--- How to complete this task ---
Transcribe the data below verbatim from the line with "Numbers: x, y, z, sx, sy, sz, roll, pitch, yaw." to the line with "Which 3D bounding". Include both of those lines.

--- The data ---
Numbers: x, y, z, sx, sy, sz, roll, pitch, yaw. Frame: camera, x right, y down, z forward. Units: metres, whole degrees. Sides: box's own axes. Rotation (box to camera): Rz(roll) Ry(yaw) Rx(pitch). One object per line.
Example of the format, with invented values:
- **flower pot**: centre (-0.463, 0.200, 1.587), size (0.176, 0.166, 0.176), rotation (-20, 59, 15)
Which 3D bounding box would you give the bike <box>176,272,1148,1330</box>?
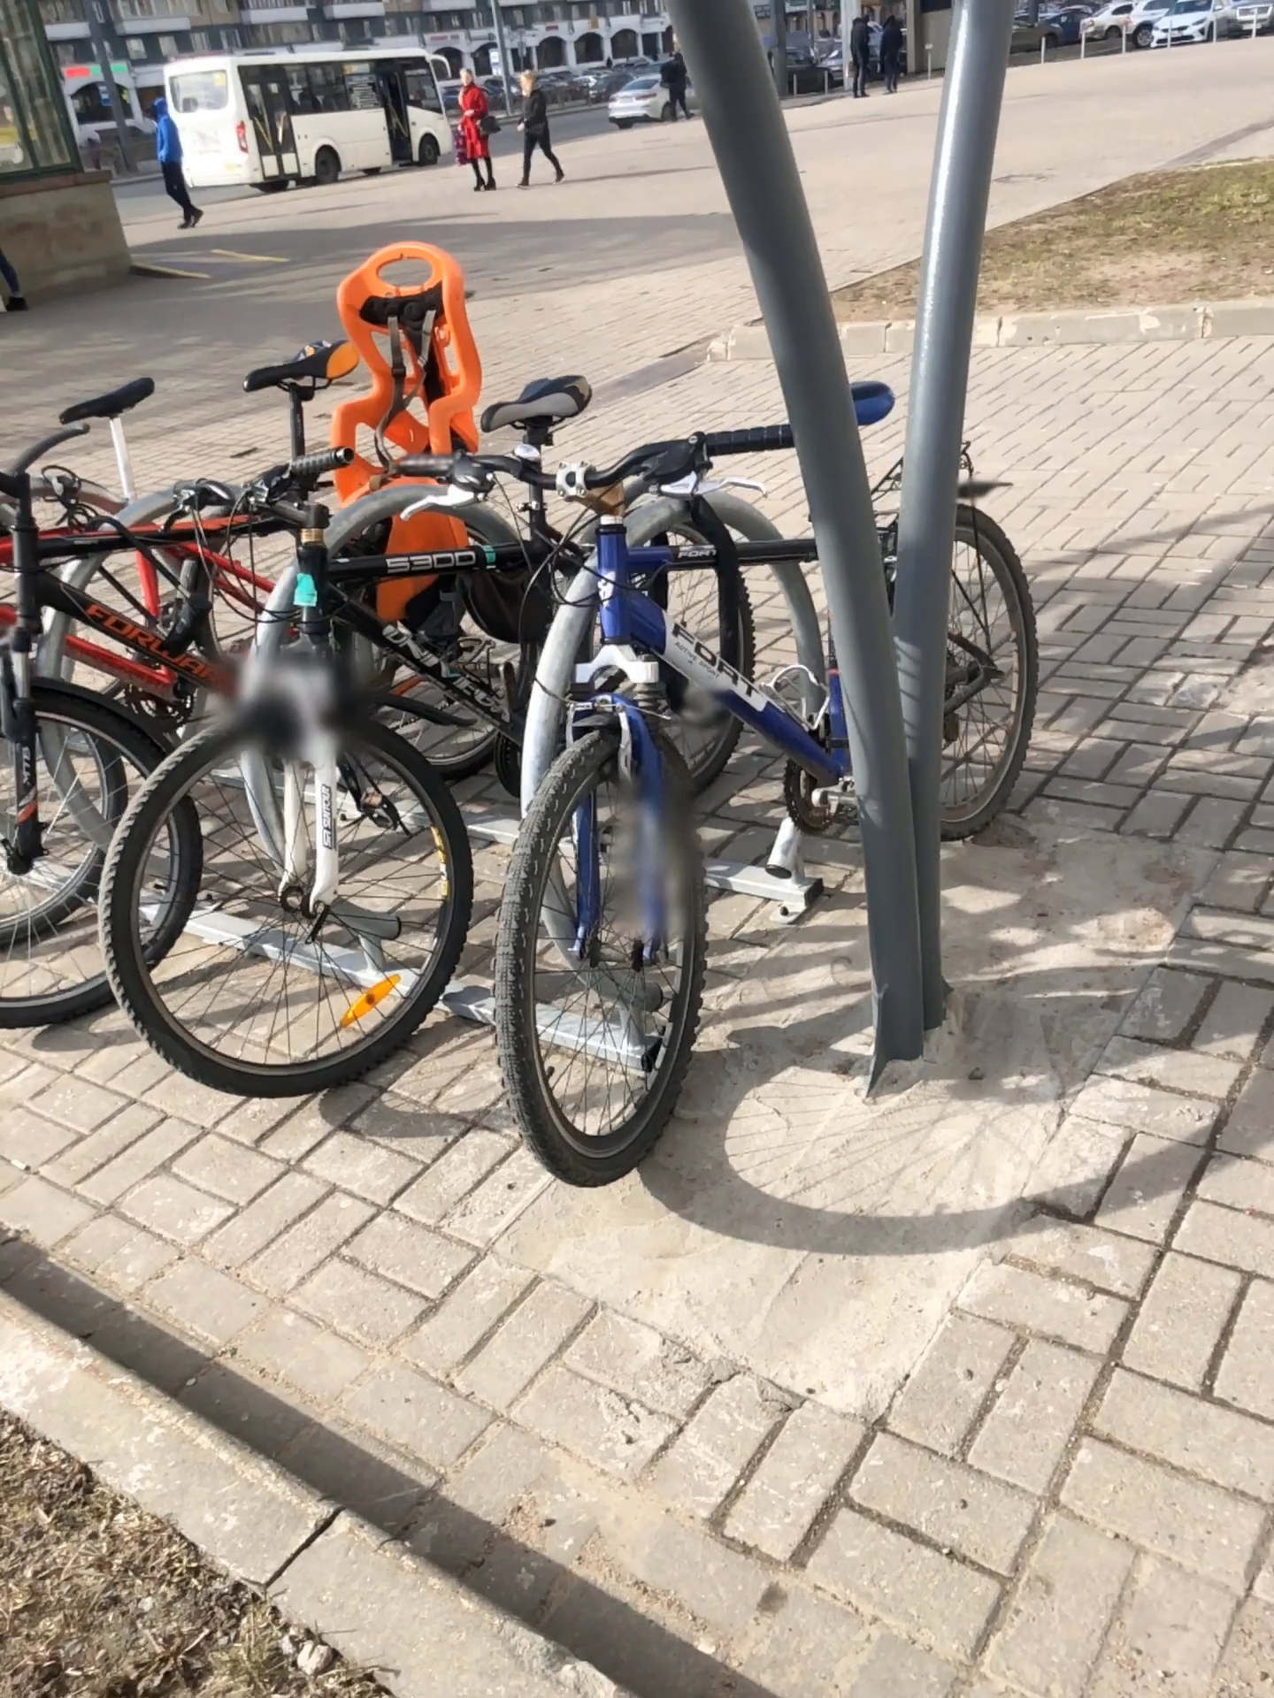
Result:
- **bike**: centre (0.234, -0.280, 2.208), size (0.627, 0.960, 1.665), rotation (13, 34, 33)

--

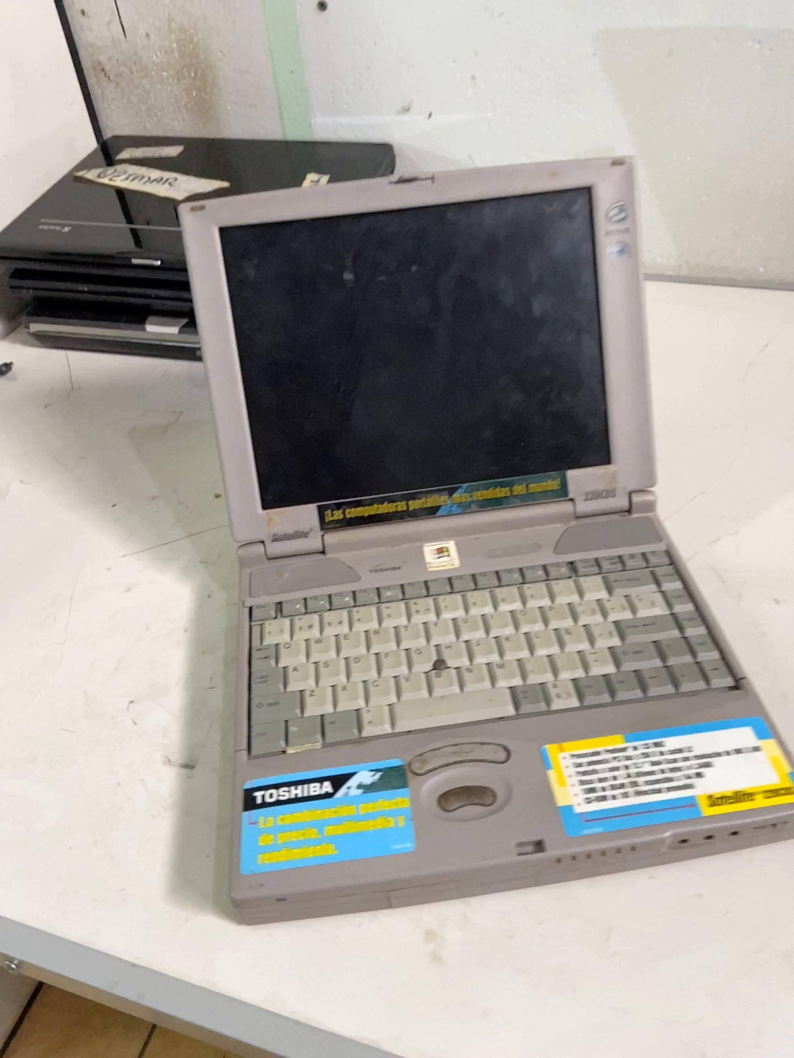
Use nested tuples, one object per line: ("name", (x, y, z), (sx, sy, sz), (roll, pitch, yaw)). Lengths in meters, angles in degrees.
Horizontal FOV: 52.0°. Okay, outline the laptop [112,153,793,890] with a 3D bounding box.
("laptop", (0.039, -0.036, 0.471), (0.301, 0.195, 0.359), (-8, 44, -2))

--- Your solution ---
Numbers: x, y, z, sx, sy, sz, roll, pitch, yaw. Frame: camera, x right, y down, z forward. Units: metres, whole degrees. Sides: box's own axes. Rotation (box to camera): Rz(roll) Ry(yaw) Rx(pitch). One object per line.
Example of the format, with invented values:
- **flower pot**: centre (-0.463, 0.200, 1.587), size (0.176, 0.166, 0.176), rotation (-20, 59, 15)
Which 3D bounding box would you give the bike <box>176,272,1148,1330</box>?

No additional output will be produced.